In algorithmic information theory, algorithmic (Solomonoff) probability is a mathematical method of assigning a prior probability to a given observation. In a theoretic sense, the prior is universal. It is used in inductive inference theory, and analyses of algorithms. Since it is not computable, it must be approximated.

It deals with the questions: Given a body of data about some phenomenon that one wants to understand, how can one select the most probable hypothesis of how it was caused from among all possible hypotheses, how can we evaluate the different hypotheses, and how can we predict future data?

Algorithmic probability combines several ideas: Occam’s razor; Epicurus’ principle of multiple explanations; special coding methods from modern computing theory. The prior obtained from the formula is used in Bayes rule for prediction.

Occam’s razor means ‘among the theories that are consistent with the observed phenomena, one should select the simplest theory’.

In contrast, Epicurus had proposed the Principle of Multiple Explanations: if more than one theory is consistent with the observations, keep all such theories.

A special mathematical object called a universal Turing machine is used to compute, quantify and assign codes to all quantities of interest. The universal prior is taken over the class of all computable measures; no hypothesis will have a zero probability.

Algorithmic probability combines Occam’s razor and the principle of multiple explanations by giving a probability value to each hypothesis (algorithm or program) that explains a given observation, with the simplest hypothesis (the shortest program) having the highest probability and the increasingly complex hypotheses (longer programs) receiving increasingly small probabilities. These probabilities form a prior probability distribution for the observation, which Ray Solomonoff proved to be machine-invariant within a constant factor (called the invariance theorem) and can be used with Bayes’ theorem to predict the most likely continuation of that observation. A universal Turing machine is used for the computer operations.

Solomonoff invented the concept of algorithmic probability with its associated invariance theorem around 1960, publishing a report on it: “A Preliminary Report on a General Theory of Inductive Inference.” He clarified these ideas more fully in 1964 with “A Formal Theory of Inductive Inference,” Part I and Part II.

He described a universal computer with a randomly generated input program. The program computes some possibly infinite output. The universal probability distribution is the probability distribution on all possible output strings with random input.

The algorithmic probability of any given finite output prefix q is the sum of the probabilities of the programs that compute something starting with q. Certain long objects with short programs have high probability.

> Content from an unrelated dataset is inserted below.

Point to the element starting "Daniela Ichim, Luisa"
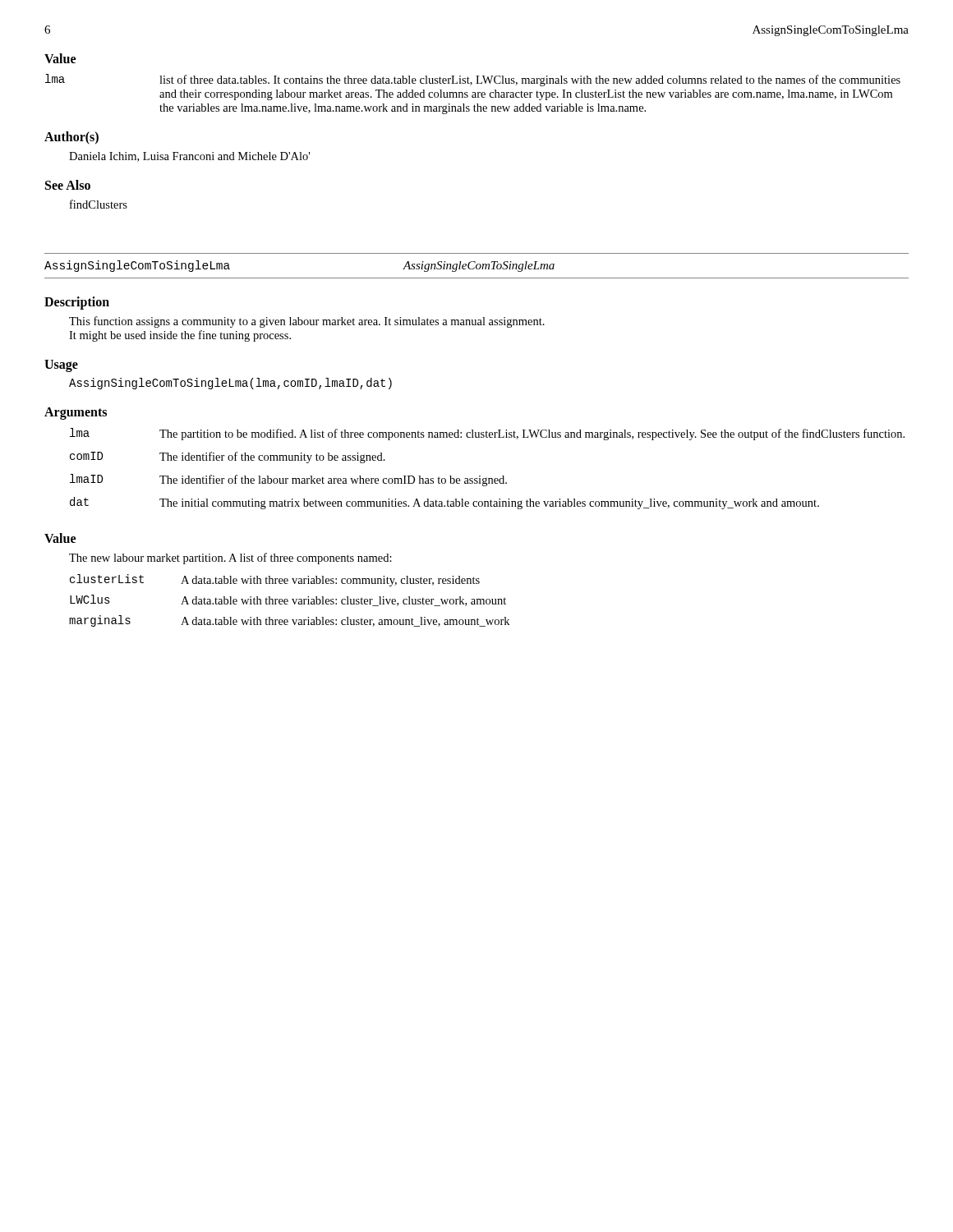Viewport: 953px width, 1232px height. click(x=190, y=156)

Algorithmic probability is the main ingredient of Solomonoff’s theory of inductive inference, the theory of prediction based on observations; it was invented with the goal of using it for machine learning; given a sequence of symbols, which one will come next? Solomonoff’s theory provides an answer that is optimal in a certain sense, although it is incomputable. Unlike, for example, Karl Popper’s informal inductive inference theory, however, Solomonoff’s is mathematically rigorous.

Algorithmic probability is closely related to the concept of Kolmogorov complexity. Kolmogorov’s introduction of complexity, however, was motivated by information theory and problems in randomness while Solomonoff introduced algorithmic complexity earlier, for a different reason: inductive reasoning. A single universal prior probability that can be substituted for each actual prior probability in Bayes’s rule was invented by Solomonoff with Kolmogorov complexity as a side product.

Solomonoff’s enumerable measure is universal in a certain powerful sense, but the computation time can be infinite. One way of dealing with this is a variant of Leonid Levin’s Search Algorithm, which limits the time spent computing the success of possible programs, with shorter programs given more time. Other methods of limiting search space include training sequences.